Sealed bidding works like this: Agencies describe exactly what they want to buy in a solicitation called an invitation for bid (IFB). Companies submit secret bids to provide it. The award goes to the company that is considered to be the "lowest responsive, responsible bidder."
"Responsive" means the bid conforms exactly to the solicitation's specifications; "responsible" means the government makes a determination that the winning company can deliver on its offer. Anybody who proposes to deliver items that differ even slightly from the spec is disqualified from the competition, no matter how much better that alternative may be.
Old-school sealed bidding is rare today within the federal government for IT procurements, but it lives on in mutated form: online reverse auctions, in which companies publicly underbid each other, with the lowest bidder winning the business.

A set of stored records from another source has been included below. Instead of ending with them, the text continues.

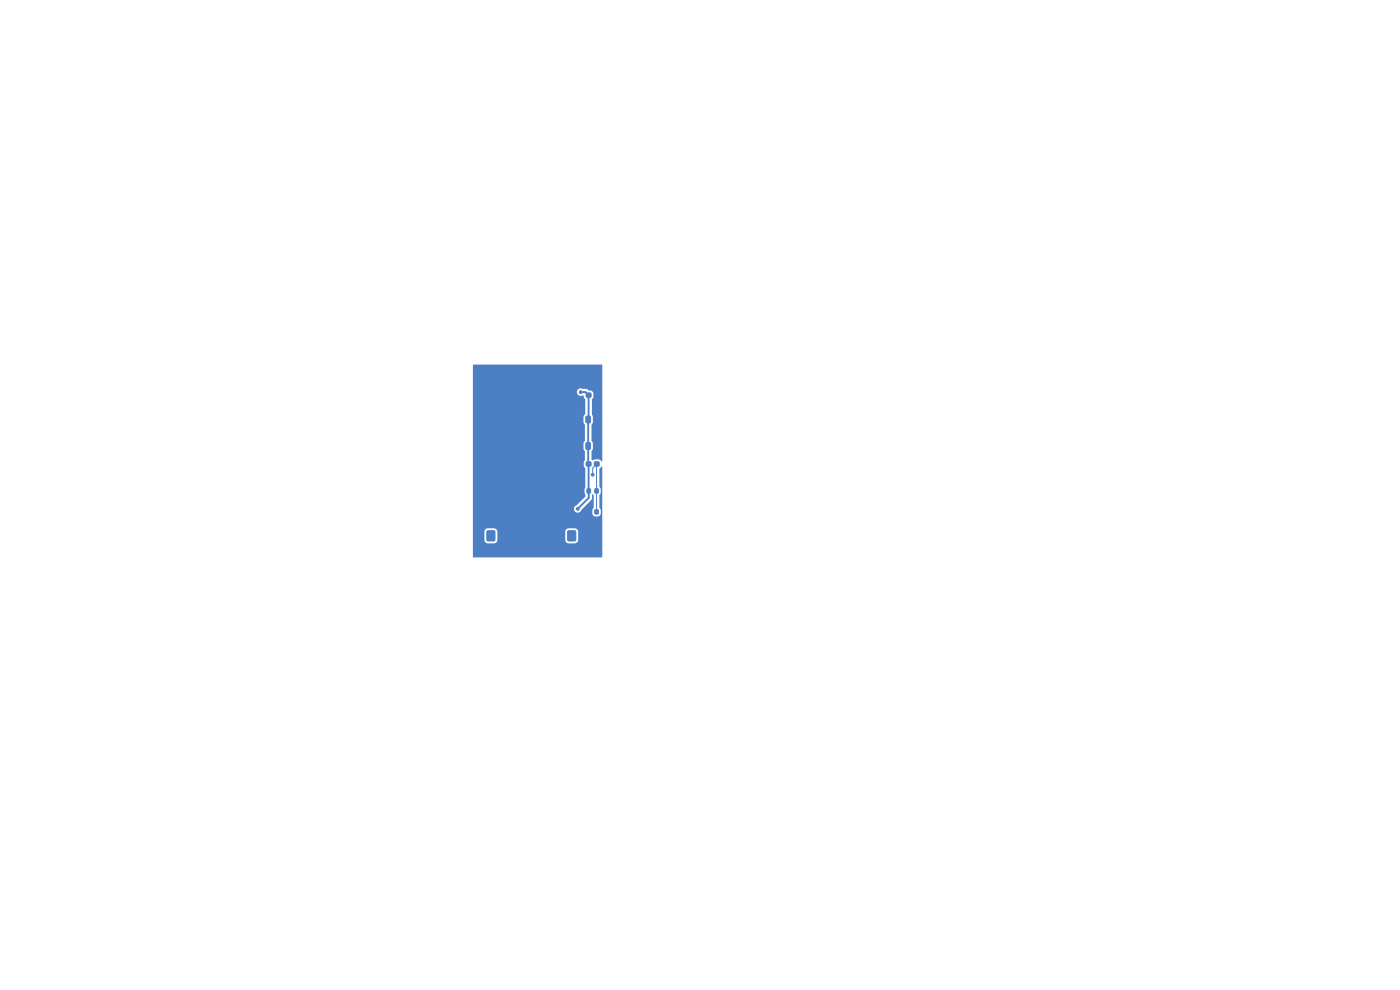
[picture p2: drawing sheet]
<svg xmlns="http://www.w3.org/2000/svg" width="297mm" height="210mm" viewBox="0 0 297 210" stroke-linecap="round" stroke-linejoin="round" font-family="sans-serif">
<g fill="#4d7fc4" stroke="#4d7fc4" stroke-width=".21">
<path d="M103.3 112.6h1.6v2.1h-1.6z"/>
<path d="M120.5 112.6h1.6v2.1h-1.6z"/>
<path d="M124.4 98h.9v.8h-.9z"/>
<path d="M126.1 98h1v.8h-1z"/>
<path d="M124.4 88.3h.6l.3 .1v1.1l-.2 .2h-.6l-.2-.1z"/>
<path d="M126.3 88.3h.6l.3 .1v1.1l-.2 .2h-.6l-.2-.1z"/>
<path d="M126.3 94l.6-.1 .3 .1v1.1l-.2 .2h-.6l-.2-.1z"/>
<path d="M124.4 94l.6-.1 .3 .1v1.1l-.2 .2h-.6l-.2-.1z"/>
<path d="M124.4 83.4h.9v.8h-.9z"/>
<path d="M126.1 83.4h1v.8h-1z"/>
<path d="M126.2 108.2h.7v.8h-.7z"/>
<path d="M124.6 108.2h.6v.8h-.6z"/>
<path d="M124.6 103.7h.6v.9h-.6z"/>
<path d="M126.2 103.7h.7v.9h-.7z"/>
<circle cx="109.1" cy="112.1" r=".3"/>
<circle cx="126" cy="113.7" r=".3"/>
<circle cx="124.8" cy="109.7" r=".3"/>
<circle cx="126.7" cy="96.1" r=".3"/>
<circle cx="126.7" cy="90.5" r=".3"/>
<circle cx="126.6" cy="85.3" r=".3"/>
<circle cx="104.3" cy="85.3" r=".3"/>
<circle cx="114.2" cy="79.6" r=".3"/>
<circle cx="116.5" cy="82.4" r=".3"/>
<circle cx="119.4" cy="87.2" r=".3"/>
<circle cx="112.8" cy="109.3" r=".3"/>
<circle cx="116.8" cy="94" r=".3"/>
<circle cx="116.2" cy="94" r=".3"/>
<circle cx="117.5" cy="92.7" r=".3"/>
<circle cx="116.2" cy="92.7" r=".3"/>
<circle cx="118.7" cy="79.5" r=".3"/>
<circle cx="117.5" cy="95.3" r=".3"/>
<circle cx="117.5" cy="94" r=".3"/>
<circle cx="113.9" cy="87.1" r=".3"/>
<circle cx="116.2" cy="95.3" r=".3"/>
<circle cx="119.3" cy="105.9" r=".3"/>
<circle cx="117" cy="109.5" r=".3"/>
<circle cx="123.2" cy="83.2" r=".3"/>
<circle cx="122.6" cy="108" r=".3"/>
<circle cx="125.7" cy="100.7" r=".3"/>
</g>
<path d="M106.7 113.4v.5M123.8 113.4v.5" fill="none" stroke="#4d7fc4" stroke-width="1.7"/>
<path d="M124.8 98.3l.1 .1M124.9 88.9l-.1 .1M125.1 88.9l-.1 .1M126.6 98v10.6M126.6 98.4l-.9 .9v1.4M126.7 90.5h.1M126.7 96.1h.1M124.9 104.1h.1" fill="none" stroke="#4d7fc4" stroke-width=".21"/>
<path d="M123.2 83.2h1l.7 .6v5.1M124.8 89v9.3M124.9 98.4v5.7M124.9 104.1v1.5l-2.3 2.4" fill="none" stroke="#4d7fc4" stroke-width=".4"/>
<path d="M100.3 77.4h27.4v20.5a1.84 1.84 0 0 0-2.1-.3l-.1-.2v-1.6l.3-.6v-1.1l-.3-.6v-3.4l.3-.5v-1.1l-.2-.6v-3.2l.3-.5v-.7a.88 .88 0 0 0-1.1-.7l-.4-.3h-.8a.83 .83 0 0 0-1.2 .8 .83 .83 0 0 0 1.3 .6l.5 .8v3.1l-.4 .7v1.1l.3 .5v3.4l-.3 .5v1.1l.3 .7v1.8l-.3 .4v.7l.4 .7v4l-.2 1.1 .2 .8-1.8 1.9a.81 .81 0 0 0-.4 1.3 .81 .81 0 0 0 1.4-.4l2-2.1 .2-1.1 .2-.1 .2 .3v2.6l-.3 .5v.9l.6 .5 .7-.1 .4-.4v-.9l-.2-.5v-2.6l.3-.6-.1-.8-.2-.5v-3.8l.5-.4v19.2h-27.4v-5.4h2.5v1.9l.3 .4 .4 .2h1.4l.5-.3 .1-.4v-1.8h14.4v1.9l.3 .4 .4 .2h1.5l.4-.3 .2-.4-.1-1.9-.2-.5-.4-.1h-1.7l-.4 .7h-14.4l-.1-.4-.6-.3h-1.6l-.4 .7h-2.5z" fill="#4d7fc4"/>
</svg>

Reverse auctions have yet to capture a significant portion of federal IT contracting. Reverse auctions are a method for buying commodity items, often small quantities of brand-specific part numbers. A handful of agencies use them to conduct quarterly or semi-annual procurements of products from approved vendors for predetermined configurations and quantities of office machines such as desktops, laptops and printers, but few manage to have the discipline necessary to aggregate requirements and pool money like that.
Negotiated Procurement (RFPs)
Contracting by negotiation is the underlying premise of a solicitation issued as a request for proposals (RFP). After companies submit proposals, federal source selection teams can ask for clarification and hold discussions with companies. It isn't much less competitive than sealed bidding, but it's much more complex.
Like sealed bidding, this approach is full and open. It's slightly less price-competitive than sealed bidding because an award may hinge on factors other than price, giving an advantage to companies that understand the wider context and intent of the procurement. Also, especially in large procurements, agencies can exclude companies from the original round of consideration based on the quality of companies' proposals, whereas the point of sealed bidding is to examine every bid for the absolutely lowest price.